[Stored dataset items]
.....

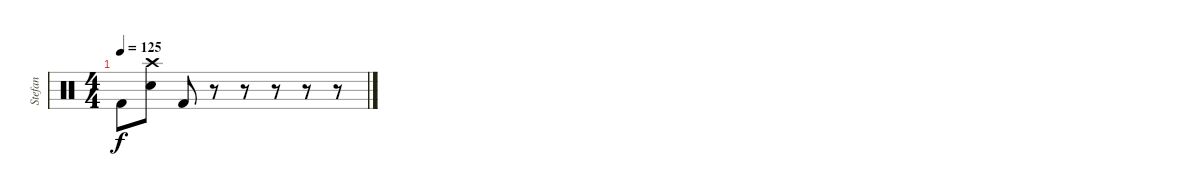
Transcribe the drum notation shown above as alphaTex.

\track ("Stefan" "Stefan") {instrument percussion}
\staff {score}
\articulation defaults
\ts (4 4)
\tempo 125
\clef neutral
\ks c "Kick (hit) 2".8{dy f}
("Crash high (hit)" "Electric Snare (hit)").8 "Kick (hit) 2".8 r.8 r.8 r.8 r.8 r.8
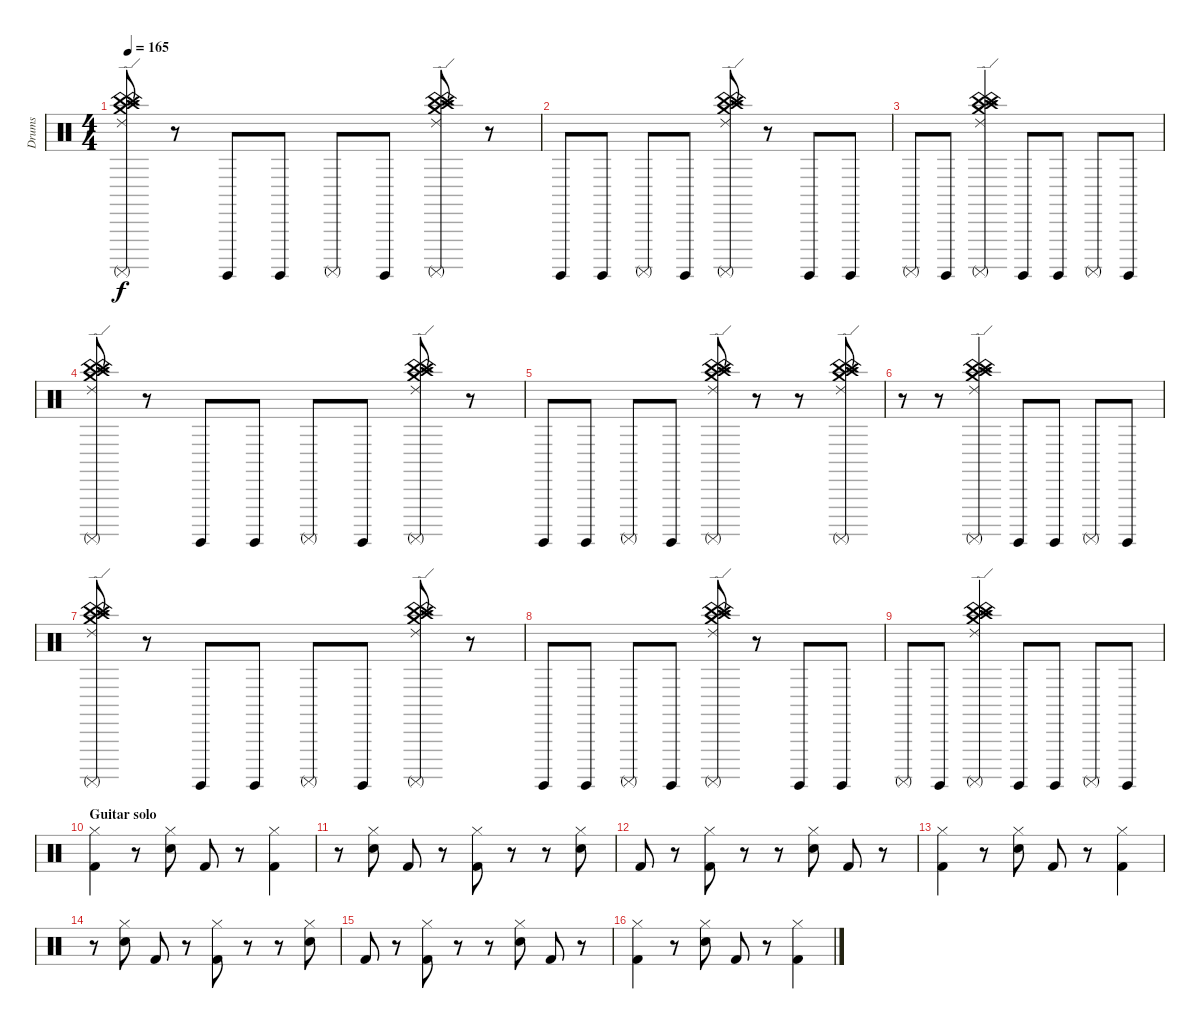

.....

# Problem statement:
Here the job is to print all the data exactly, skipping any image.

# Result of the exercise:
Transcribe the drum notation shown above as alphaTex.

\track ("Stefan" "Stefan") {instrument percussion}
\staff {score}
\articulation defaults
\ts (4 4)
\tempo 125
\clef neutral
\ks c "Kick (hit) 2".8{dy f}
("Crash high (hit)" "Electric Snare (hit)").8 "Kick (hit) 2".8 r.8 r.8 r.8 r.8 r.8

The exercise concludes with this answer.